Discover the history of remoulade sauce, which enjoys particular popularity in South Tyrol. Originally from French cuisine, the sauce made from mayonnaise, mustard, and herbs has become a favorite in South Tyrolean cuisine, ideal with fish, meat, and more.
For the mayonnaise:
- 1 egg yolk
- 1 tsp mustard
- 150-200 ml vegetable oil
- 1-2 tsp lemon juice or white wine vinegar
- Salt
- Mayonnaise (prepared above)
- 1-2 tbsp capers, finely chopped
- 2-3 pickles, finely chopped
- 1 small onion, finely chopped
- 1 tbsp fresh herbs (e.g. parsley, dill), finely chopped
- Salt, pepper
- Mayonnaise: Mix the egg yolk and mustard with an immersion blender. Slowly add the oil until the mixture thickens. Season with lemon juice or vinegar and salt.

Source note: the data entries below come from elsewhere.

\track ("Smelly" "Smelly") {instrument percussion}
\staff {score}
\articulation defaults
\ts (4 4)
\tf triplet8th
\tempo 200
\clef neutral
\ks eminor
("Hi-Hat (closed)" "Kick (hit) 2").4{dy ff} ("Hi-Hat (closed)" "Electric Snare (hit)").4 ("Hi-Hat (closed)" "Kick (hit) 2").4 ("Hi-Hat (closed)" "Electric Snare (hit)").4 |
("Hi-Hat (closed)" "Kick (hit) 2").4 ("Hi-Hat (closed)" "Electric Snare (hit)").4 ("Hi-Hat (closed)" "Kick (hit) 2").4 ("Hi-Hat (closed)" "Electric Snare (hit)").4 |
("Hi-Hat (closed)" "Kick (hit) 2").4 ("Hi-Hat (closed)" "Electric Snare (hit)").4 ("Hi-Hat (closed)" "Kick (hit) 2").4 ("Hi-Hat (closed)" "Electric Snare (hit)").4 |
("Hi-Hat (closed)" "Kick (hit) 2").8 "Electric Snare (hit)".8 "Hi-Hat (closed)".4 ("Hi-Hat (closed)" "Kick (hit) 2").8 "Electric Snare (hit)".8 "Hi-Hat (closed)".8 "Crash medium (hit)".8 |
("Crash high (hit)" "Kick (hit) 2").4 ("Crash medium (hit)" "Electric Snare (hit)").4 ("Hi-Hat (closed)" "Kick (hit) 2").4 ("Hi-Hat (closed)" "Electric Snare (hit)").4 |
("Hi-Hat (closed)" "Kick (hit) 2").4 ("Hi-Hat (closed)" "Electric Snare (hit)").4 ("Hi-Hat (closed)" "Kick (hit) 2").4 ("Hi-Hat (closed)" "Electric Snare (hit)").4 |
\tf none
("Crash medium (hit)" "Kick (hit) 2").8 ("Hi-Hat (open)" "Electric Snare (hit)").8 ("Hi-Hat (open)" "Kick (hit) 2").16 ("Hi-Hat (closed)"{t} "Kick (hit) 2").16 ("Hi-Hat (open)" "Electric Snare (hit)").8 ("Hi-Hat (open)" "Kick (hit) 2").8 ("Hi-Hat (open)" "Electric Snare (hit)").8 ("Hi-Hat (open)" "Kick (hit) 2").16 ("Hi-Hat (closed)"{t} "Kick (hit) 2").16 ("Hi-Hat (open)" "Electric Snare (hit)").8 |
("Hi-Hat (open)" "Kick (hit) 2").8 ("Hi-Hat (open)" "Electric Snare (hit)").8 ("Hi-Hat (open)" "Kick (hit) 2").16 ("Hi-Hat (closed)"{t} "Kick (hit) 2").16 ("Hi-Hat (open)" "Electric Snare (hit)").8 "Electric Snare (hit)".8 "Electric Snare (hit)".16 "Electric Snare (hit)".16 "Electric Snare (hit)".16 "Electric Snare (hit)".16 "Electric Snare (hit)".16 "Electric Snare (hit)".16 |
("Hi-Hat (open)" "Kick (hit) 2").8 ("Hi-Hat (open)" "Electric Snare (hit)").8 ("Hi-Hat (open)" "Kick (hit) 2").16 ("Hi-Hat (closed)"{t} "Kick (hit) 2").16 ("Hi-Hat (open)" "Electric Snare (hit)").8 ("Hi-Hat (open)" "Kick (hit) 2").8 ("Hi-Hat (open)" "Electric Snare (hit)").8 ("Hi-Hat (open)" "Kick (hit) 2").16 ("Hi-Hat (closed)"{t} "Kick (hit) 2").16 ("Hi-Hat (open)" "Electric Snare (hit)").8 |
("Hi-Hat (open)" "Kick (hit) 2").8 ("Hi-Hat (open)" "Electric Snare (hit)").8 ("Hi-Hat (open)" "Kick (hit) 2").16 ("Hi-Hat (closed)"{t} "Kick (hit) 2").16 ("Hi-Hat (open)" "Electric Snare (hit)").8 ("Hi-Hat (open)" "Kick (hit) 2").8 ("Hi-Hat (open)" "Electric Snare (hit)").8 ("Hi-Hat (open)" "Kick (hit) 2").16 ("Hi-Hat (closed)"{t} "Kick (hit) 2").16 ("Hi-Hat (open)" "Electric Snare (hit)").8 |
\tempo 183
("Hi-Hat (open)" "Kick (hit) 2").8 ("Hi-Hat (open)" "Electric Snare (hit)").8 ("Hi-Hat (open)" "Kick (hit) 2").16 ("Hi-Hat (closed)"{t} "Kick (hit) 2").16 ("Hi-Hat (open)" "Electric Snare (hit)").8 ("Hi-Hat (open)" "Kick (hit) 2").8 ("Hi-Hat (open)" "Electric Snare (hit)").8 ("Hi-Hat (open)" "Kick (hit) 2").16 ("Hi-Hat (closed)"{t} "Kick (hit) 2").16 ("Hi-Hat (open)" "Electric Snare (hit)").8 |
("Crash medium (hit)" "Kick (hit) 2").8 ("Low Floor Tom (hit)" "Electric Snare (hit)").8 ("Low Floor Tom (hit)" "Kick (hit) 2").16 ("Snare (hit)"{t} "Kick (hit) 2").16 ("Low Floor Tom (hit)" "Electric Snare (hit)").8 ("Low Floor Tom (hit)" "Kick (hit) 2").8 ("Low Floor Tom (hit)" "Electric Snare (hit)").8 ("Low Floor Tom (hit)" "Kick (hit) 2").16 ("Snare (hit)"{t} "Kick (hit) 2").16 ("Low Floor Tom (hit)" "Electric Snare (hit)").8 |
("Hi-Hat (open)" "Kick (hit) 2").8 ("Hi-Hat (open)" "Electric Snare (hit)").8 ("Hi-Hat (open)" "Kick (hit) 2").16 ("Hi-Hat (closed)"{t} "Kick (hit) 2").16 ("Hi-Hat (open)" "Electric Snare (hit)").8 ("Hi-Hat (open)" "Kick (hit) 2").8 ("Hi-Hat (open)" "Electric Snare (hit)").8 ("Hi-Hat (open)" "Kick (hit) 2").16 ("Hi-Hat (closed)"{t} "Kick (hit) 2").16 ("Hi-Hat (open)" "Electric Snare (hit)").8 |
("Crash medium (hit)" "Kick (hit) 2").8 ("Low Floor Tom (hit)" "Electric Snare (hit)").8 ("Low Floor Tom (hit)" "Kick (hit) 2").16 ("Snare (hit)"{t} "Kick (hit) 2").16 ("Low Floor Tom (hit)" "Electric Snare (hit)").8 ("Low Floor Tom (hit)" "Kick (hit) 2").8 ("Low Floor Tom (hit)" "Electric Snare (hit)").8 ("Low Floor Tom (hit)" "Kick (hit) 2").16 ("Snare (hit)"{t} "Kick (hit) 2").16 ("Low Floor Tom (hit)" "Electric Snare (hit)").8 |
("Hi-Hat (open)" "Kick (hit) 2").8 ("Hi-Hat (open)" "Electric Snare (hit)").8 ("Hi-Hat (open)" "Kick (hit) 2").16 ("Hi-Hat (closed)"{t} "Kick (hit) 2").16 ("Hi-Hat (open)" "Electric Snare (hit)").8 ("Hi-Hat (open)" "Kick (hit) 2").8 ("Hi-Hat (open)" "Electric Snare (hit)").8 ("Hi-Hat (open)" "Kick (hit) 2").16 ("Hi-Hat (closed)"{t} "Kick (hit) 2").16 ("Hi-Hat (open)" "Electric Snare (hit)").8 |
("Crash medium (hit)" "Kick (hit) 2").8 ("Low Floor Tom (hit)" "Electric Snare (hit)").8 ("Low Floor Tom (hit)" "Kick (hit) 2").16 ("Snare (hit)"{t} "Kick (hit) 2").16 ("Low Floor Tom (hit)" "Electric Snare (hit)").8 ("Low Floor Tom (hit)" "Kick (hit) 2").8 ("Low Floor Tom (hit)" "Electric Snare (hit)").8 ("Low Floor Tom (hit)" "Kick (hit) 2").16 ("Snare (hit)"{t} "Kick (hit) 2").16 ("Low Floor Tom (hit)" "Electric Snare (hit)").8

- Remoulade sauce: Mix the freshly prepared mayonnaise with capers, pickles, onions and herbs. Season with salt and pepper.
A little history:
The remoulade sauce as we know it today has its roots in French cuisine and probably originated in the 17th century. The name "remoulade" is likely derived from the French word "rémoulade", which in turn comes from the Latin word "armoricana", a reference to a sauce from Brittany. Originally, remoulade was a simple mixture of mayonnaise and mustard. Over time, additional ingredients such as herbs, capers and pickles were added to make the sauce more versatile and complex in flavor. Today, remoulade sauce is a popular accompaniment to fish dishes, cold meats and as a component of sandwiches.